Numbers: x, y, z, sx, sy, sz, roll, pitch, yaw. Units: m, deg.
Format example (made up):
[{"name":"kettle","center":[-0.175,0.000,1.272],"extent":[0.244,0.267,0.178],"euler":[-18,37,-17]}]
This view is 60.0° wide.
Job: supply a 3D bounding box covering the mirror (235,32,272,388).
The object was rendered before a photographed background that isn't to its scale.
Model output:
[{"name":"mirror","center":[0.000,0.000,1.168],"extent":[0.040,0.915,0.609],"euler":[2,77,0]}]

■ ■ ■ ■ ■

Retype the entries above exactly as they appear.

» **Your solution**
Numbers: x, y, z, sx, sy, sz, roll, pitch, yaw. Units: m, deg.
Format example (made up):
[{"name":"kettle","center":[-0.175,0.000,1.272],"extent":[0.244,0.267,0.178],"euler":[-18,37,-17]}]
This view is 60.0° wide.
Job: supply a 3D bounding box covering the mirror (235,32,272,388).
The object was rendered before a photographed background that isn't to its scale.
Model output:
[{"name":"mirror","center":[0.000,0.000,1.168],"extent":[0.040,0.915,0.609],"euler":[2,77,0]}]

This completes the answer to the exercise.